The frame structure is as follows:

DA -> SA -> Type -> Magic Packet


SA = [whatever the source MAC is]
Type = 0x0842
Magic = [The actual destination MAC repeated 16x]

If you want to test that the packets coming across are in the right format, use the following filter in Wireshark:

ether dst FF:FF:FF:FF:FF:FF and ether proto 0x0842

Basically, the WOL application needs to be capable of creating a packet that spoofs the Ethernet Destination address. There are tools online that can do such a thing but I'm not familiar with them.

Note: The reason I know so much about this is because I'm the author of the WOL parser for SharpPcap (pcap wrapper in C#). If there is sufficient demand, I could extend my console application to include packet sending (it currently only sniffs) and make it available as an OSS project.

Update: @Evan Anderson made a good point that I forgot to mention. Broadcasting incoming packets on a LAN is generally a bad idea.

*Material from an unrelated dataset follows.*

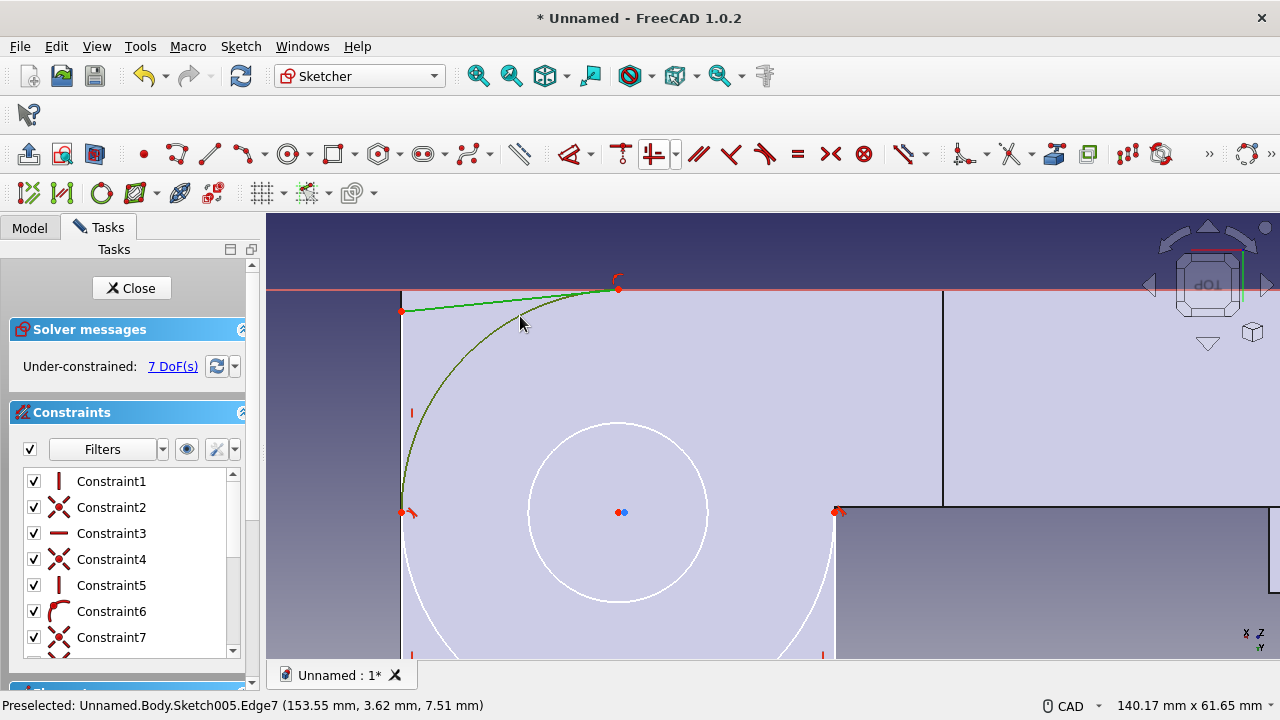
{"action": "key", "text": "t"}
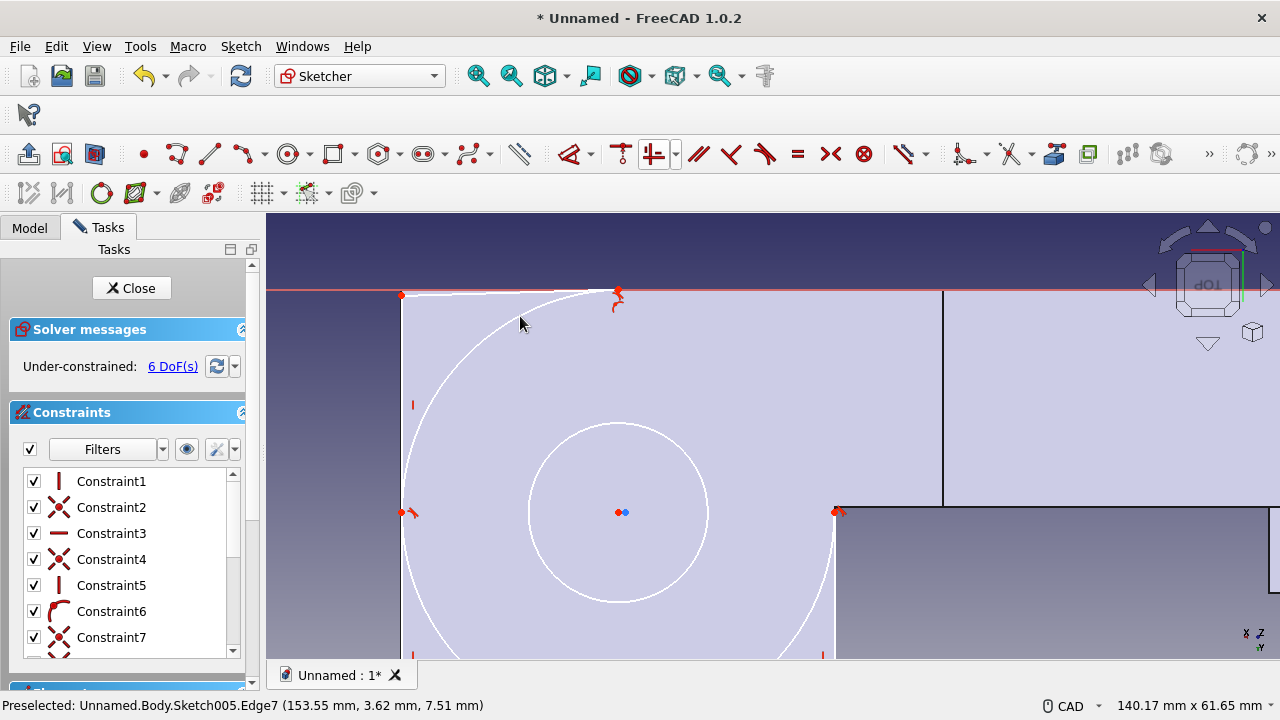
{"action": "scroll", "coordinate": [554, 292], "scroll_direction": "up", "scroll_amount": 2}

This solution will work but it's only a hack to circumvent the limitations of the Wake On Lan protocol.

The technique I've outlined will work for any computer on the LAN the way WOL was designed but could potentially open your network up to be used for as an attack (Smurf/Fraggle/Papasmurf) amplifier if someone were to send a specially crafted packet to the WOL port.

Evan Anderson's approach is technically more secure but is limited to unicast.